# Brit living in US - tax question



## GeordieMike (Jan 18, 2012)

So i'm a UK citizen who in July this year moved to the US to work. Prior to July, I worked in the UK, for a UK company (a sub-division of my current company), was paid in pounds to my UK bank account and was subsequently taxed on that amount.

When filling in my US taxes for last year, do I need to declare this income? When I do so, it's essentially taxing me twice as they see that as US income. 

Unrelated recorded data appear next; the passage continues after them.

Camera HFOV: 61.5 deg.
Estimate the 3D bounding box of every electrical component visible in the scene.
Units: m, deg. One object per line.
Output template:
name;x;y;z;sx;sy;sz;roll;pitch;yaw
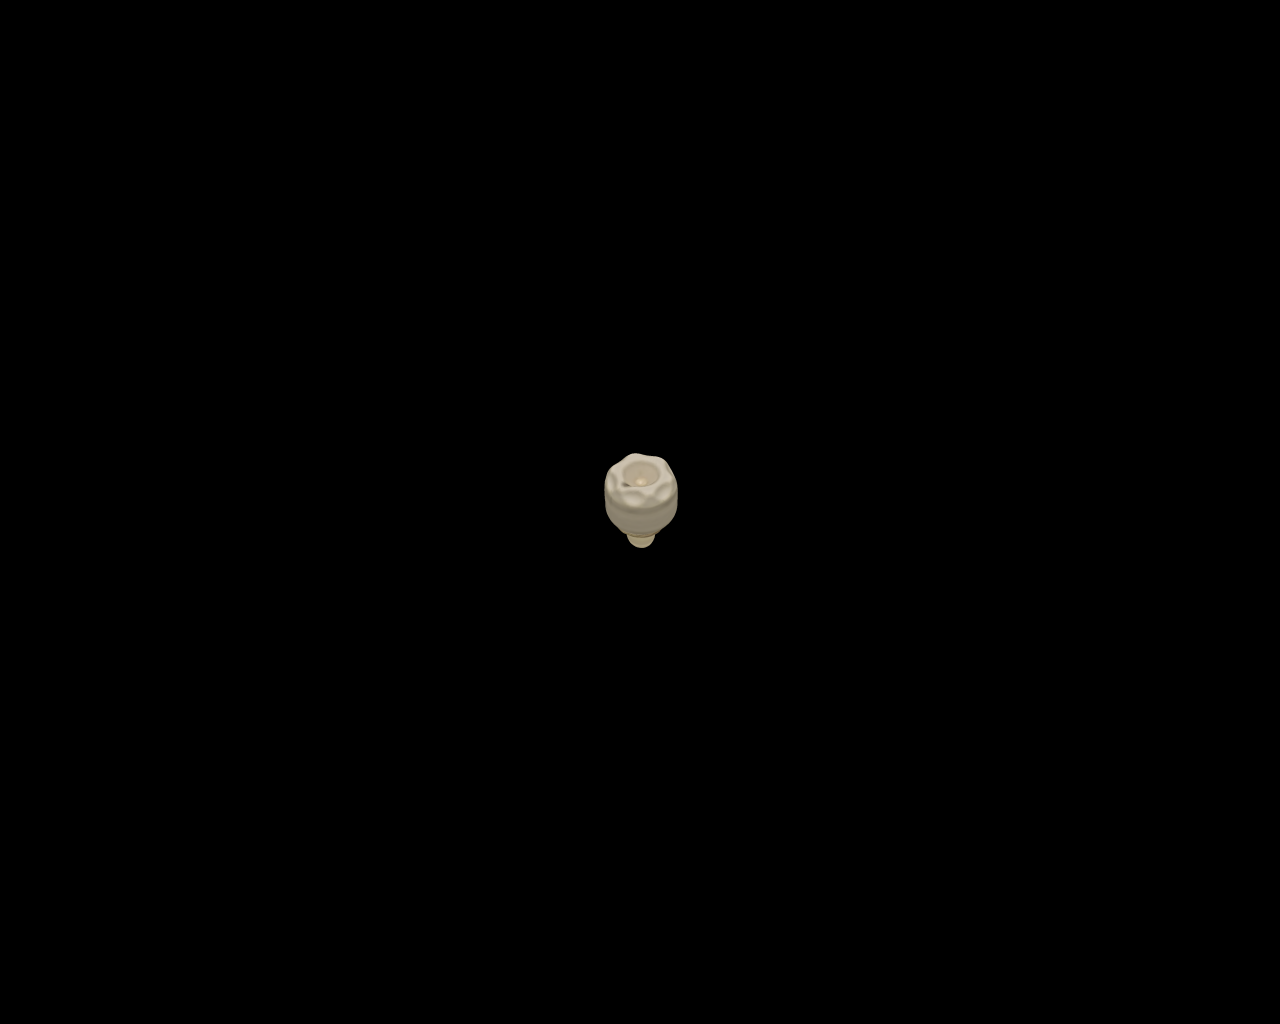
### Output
electrical component;0.001;-0.003;0.650;0.043;0.043;0.062;0;-43;0
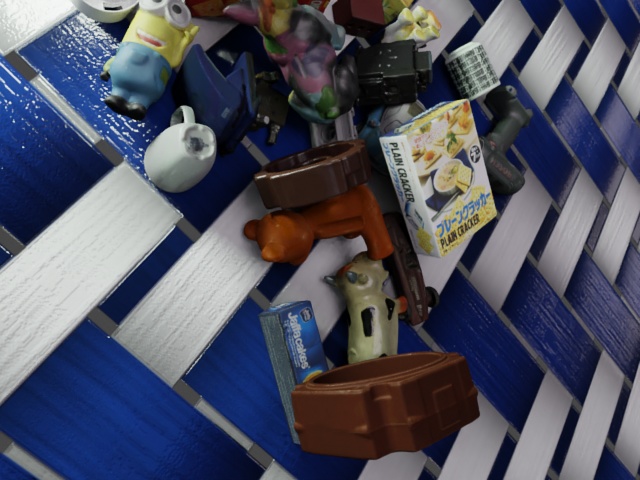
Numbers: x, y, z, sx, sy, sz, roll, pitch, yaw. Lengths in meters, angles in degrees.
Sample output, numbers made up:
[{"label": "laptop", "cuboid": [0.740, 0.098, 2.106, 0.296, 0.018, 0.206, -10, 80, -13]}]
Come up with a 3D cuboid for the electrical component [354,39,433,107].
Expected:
[{"label": "electrical component", "cuboid": [0.123, -0.285, 0.913, 0.058, 0.134, 0.115, 74, 17, -49]}]

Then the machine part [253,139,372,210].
[{"label": "machine part", "cuboid": [-0.008, -0.096, 0.778, 0.179, 0.179, 0.056, -29, 110, -34]}]

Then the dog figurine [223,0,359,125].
[{"label": "dog figurine", "cuboid": [-0.038, -0.274, 0.757, 0.219, 0.109, 0.191, 8, 66, -65]}]

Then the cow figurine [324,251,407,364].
[{"label": "cow figurine", "cuboid": [0.074, 0.114, 0.851, 0.127, 0.086, 0.195, 7, 78, -38]}]

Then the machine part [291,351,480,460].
[{"label": "machine part", "cuboid": [0.081, 0.203, 0.690, 0.201, 0.201, 0.087, -7, 80, -41]}]

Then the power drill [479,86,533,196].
[{"label": "power drill", "cuboid": [0.350, -0.216, 1.094, 0.232, 0.086, 0.207, 40, 58, -22]}]

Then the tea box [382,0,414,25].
[{"label": "tea box", "cuboid": [0.107, -0.502, 0.996, 0.169, 0.068, 0.098, 44, 61, -20]}]

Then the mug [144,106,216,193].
[{"label": "mug", "cuboid": [-0.177, -0.125, 0.715, 0.081, 0.107, 0.109, 10, 78, -33]}]

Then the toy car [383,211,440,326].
[{"label": "toy car", "cuboid": [0.151, 0.047, 0.931, 0.089, 0.053, 0.202, -16, 89, -37]}]

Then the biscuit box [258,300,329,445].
[{"label": "biscuit box", "cuboid": [-0.027, 0.191, 0.780, 0.059, 0.063, 0.202, -15, 90, -36]}]

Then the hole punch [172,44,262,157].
[{"label": "hole punch", "cuboid": [-0.145, -0.192, 0.740, 0.092, 0.142, 0.116, 2, 66, -35]}]

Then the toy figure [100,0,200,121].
[{"label": "toy figure", "cuboid": [-0.233, -0.248, 0.720, 0.082, 0.089, 0.180, 27, 76, -40]}]

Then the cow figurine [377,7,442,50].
[{"label": "cow figurine", "cuboid": [0.168, -0.382, 1.009, 0.068, 0.098, 0.167, 57, 38, -4]}]

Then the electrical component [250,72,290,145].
[{"label": "electrical component", "cuboid": [-0.082, -0.208, 0.830, 0.078, 0.045, 0.102, 27, 67, -25]}]

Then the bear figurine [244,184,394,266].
[{"label": "bear figurine", "cuboid": [-0.003, -0.006, 0.807, 0.196, 0.120, 0.131, -31, 128, -16]}]

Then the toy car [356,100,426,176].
[{"label": "toy car", "cuboid": [0.139, -0.197, 0.939, 0.109, 0.103, 0.161, 43, 63, -21]}]
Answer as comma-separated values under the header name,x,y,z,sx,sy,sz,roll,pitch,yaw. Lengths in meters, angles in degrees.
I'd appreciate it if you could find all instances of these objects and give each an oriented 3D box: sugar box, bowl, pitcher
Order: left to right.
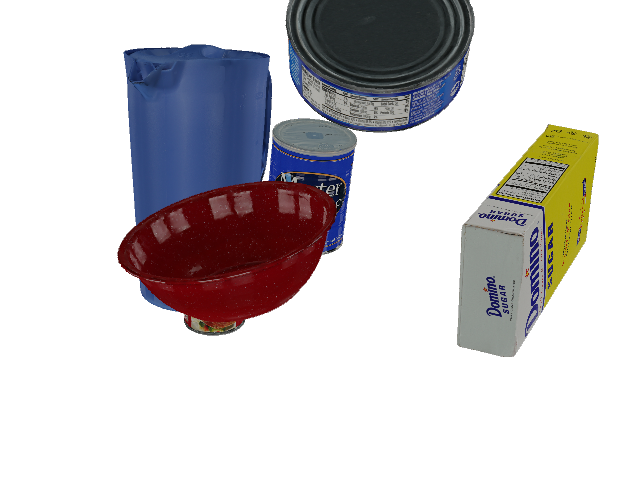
name,x,y,z,sx,sy,sz,roll,pitch,yaw
pitcher,-0.110,-0.063,1.013,0.149,0.243,0.145,-2,15,-13
bowl,-0.062,0.013,0.781,0.162,0.055,0.162,-10,25,5
sugar box,0.144,-0.004,0.728,0.048,0.093,0.176,11,32,22

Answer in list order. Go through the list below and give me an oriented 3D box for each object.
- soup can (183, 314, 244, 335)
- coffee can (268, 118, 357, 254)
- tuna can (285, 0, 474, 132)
name,x,y,z,sx,sy,sz,roll,pitch,yaw
soup can,-0.117,0.043,1.165,0.068,0.102,0.068,1,25,-1
coffee can,-0.014,-0.067,1.316,0.102,0.140,0.103,5,28,-3
tuna can,0.027,-0.092,0.497,0.086,0.086,0.034,0,-32,1

Does anyone have any experience with this?

Thanks in advance.

Mike


----------



## Bevdeforges (Nov 16, 2007)

Take a look at IRS Publication 519. There is a fairly elaborate formula in there for how to file (i.e. as a non-resident alien or as a resident alien) that should provide some guidance. http://www.irs.gov/pub/irs-pdf/p519.pdf

Some of it depends on the type of visa you're on, but in the end, you should wind up NOT being double taxed on your UK income. Either you only report your income from your date of entry into the US (again, depends on your visa type and a few other factors), or you take tax credit for taxes paid in the UK against your UK income.
Cheers,
Bev


----------



## SteveOdem (Jan 23, 2012)

Yes. No. Maybe. Depends. 

Do you have a Social Security card? 

A green card (it's not really green but was in years gone by)? If so, what is the date of issue?

An ITIN? 

What is your visa class, if any?

Need more information.


----------